こんなに楽しく温かく、美しいお話に出会って読めたことがとてもうれしかった。

もし1000年生きることができたら、このマンソレイン王のように銅のお城で一人ぼっちになってもかまわない。こんなに次々に優しい動物がお話を持ってきてくれるなら。1000年後だしなんて思ってしまったほど。
ひげの中に潜って心臓の音を聞いてくれる優しい野ウサギがいて、壊れた心臓のねじを巻くために薬草のねじまき草を探しに行ってくれるまじない師がいるなら寂しくないかも。


まじない師が王様の寿命を延ばすネジマキ草をさがしに行く道で、出会った動物たちに王様にお話をしに行ってくれるように伝えた。

夜になって、オオカミが来た。そしてこだまの魔女と闘った話をした。その時脇腹の毛をむしられから今も毛が生えていないけれど。
次にリスが来た。
砂丘ウサギもきた。遠くから聞こえる「大きなザブーン」を兄ちゃんと聞きに行った。危険だと言われていたが兄ちゃんは「大きなザブーン」の近くまで行って帰らなかった。
カモもヒツジも来た。
羊飼いは羊の毛を背中で二つに分けて櫛できれいに梳かして王様に挨拶をした。
毛の中から小さなハナムグリが顔を出して、玉座の背中に乗せてもらって、蜘蛛と花の話をした。
カモが満月の夜にしか咲かない、ねがい花の話をした。
ライオンが来た。時間をくみ出す魔女のポンプの話をした。ライオンは魔女に働かされて命が尽きたが、天使が王様のところに連れてきてくれたのだった。
馬もきた。3つの頭があるドラゴンも来て、かわいい舌足らずで話をした。
畑ネズミと町ねずみがきてネズミの歌を歌って大うけした。
ツバメは、魔法使いのお父さんとわがまま娘の話をした。
ロバが来た。かわいそうなロバは素敵な帽子を風に飛ばされたので、お嫁さんが来なくなった。今も帽子を探している。あれがあれば結婚できるんだよ。
小人アノールは古い話をした。昔、小人たちは二派にわかれて争った。若いマンソレイン王と13人のイドゥールは暖かい国にのがれ銅の城を立てた。
広間に立てた千本のろうそくが燃え尽きようとしていた。千年の寿命。一本のろうそくが届けばまた千年の寿命がはじまる。

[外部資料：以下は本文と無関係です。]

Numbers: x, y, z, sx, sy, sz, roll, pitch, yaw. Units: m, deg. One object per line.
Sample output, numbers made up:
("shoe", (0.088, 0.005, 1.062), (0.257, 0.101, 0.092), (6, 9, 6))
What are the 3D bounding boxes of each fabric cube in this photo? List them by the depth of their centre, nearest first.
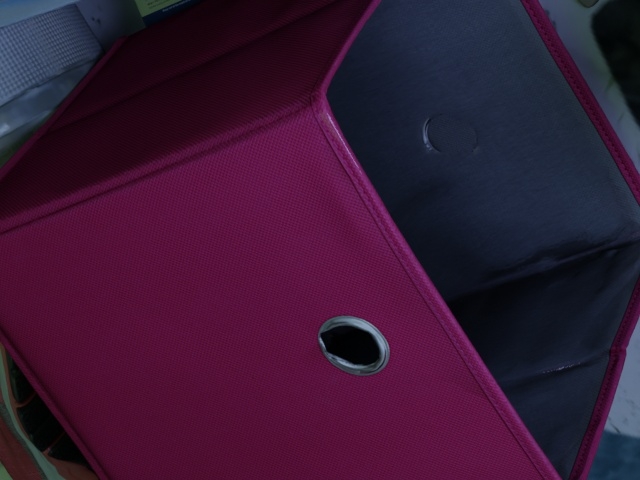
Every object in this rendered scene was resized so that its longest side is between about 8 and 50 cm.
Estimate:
("fabric cube", (0.000, 0.000, 1.062), (0.258, 0.259, 0.254), (-19, 114, 32))

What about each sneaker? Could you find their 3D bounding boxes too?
("sneaker", (-0.185, 0.105, 1.273), (0.136, 0.116, 0.313), (17, 140, 33))

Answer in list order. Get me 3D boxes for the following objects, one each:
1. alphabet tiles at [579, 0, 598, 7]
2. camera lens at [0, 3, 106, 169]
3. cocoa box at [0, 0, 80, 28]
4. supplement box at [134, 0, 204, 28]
("alphabet tiles", (0.150, -0.302, 1.039), (0.342, 0.011, 0.285), (45, 123, 6))
("camera lens", (-0.270, -0.131, 1.203), (0.219, 0.219, 0.274), (-31, 93, 33))
("cocoa box", (-0.104, -0.280, 0.995), (0.347, 0.231, 0.228), (-12, 124, 39))
("supplement box", (-0.078, -0.186, 1.177), (0.083, 0.056, 0.083), (-19, 100, 32))
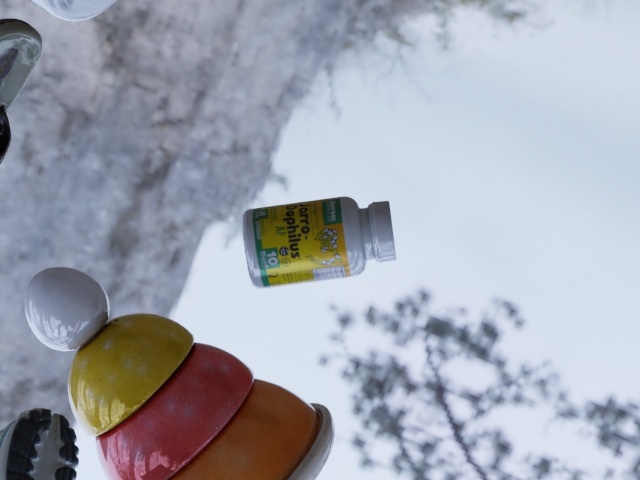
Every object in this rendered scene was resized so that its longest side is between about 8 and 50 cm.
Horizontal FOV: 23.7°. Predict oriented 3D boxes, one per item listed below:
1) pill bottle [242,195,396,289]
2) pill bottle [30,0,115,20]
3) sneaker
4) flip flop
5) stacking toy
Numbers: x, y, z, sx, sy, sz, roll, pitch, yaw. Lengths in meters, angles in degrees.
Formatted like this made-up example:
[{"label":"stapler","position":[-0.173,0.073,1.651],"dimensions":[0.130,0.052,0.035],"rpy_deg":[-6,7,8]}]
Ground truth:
[{"label":"pill bottle","position":[0.000,0.000,2.166],"dimensions":[0.208,0.117,0.117],"rpy_deg":[-7,-164,3]},{"label":"pill bottle","position":[-0.439,-0.475,2.172],"dimensions":[0.361,0.204,0.204],"rpy_deg":[33,-161,26]},{"label":"sneaker","position":[-0.312,0.300,1.508],"dimensions":[0.107,0.275,0.110],"rpy_deg":[30,148,-29]},{"label":"flip flop","position":[-0.397,-0.127,1.764],"dimensions":[0.080,0.277,0.112],"rpy_deg":[47,-159,30]},{"label":"stacking toy","position":[-0.241,0.219,2.216],"dimensions":[0.480,0.351,0.350],"rpy_deg":[50,-169,-12]}]
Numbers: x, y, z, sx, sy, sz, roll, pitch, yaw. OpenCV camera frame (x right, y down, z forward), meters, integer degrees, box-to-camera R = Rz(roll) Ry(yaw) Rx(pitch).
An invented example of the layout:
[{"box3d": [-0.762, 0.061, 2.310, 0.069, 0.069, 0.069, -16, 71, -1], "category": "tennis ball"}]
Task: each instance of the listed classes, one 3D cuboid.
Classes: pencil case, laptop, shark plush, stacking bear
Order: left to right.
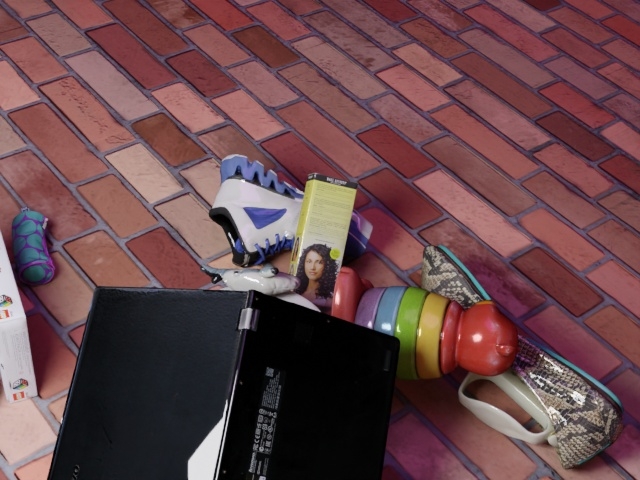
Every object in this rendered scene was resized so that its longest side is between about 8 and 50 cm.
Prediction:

そこに火のついたろうそくが運ばれてきた。まじない師がねじまき草を煎じて持ってきた。

まじない師は北の高地から薬草を持って帰った。途中で小人に出会って、銅の城がどうしてできたのか伝えてくれるように頼んだ。


なんて素晴らしい話でしょう。広いお城で暮らすことになった動物たちの話も夢や暖かい思いやりを伝えてくれる。昔々銅のお城に住む王様と動物たちのお話だった。
忘れていた、村上勉さんの挿絵もピッタリでとても素晴らしい。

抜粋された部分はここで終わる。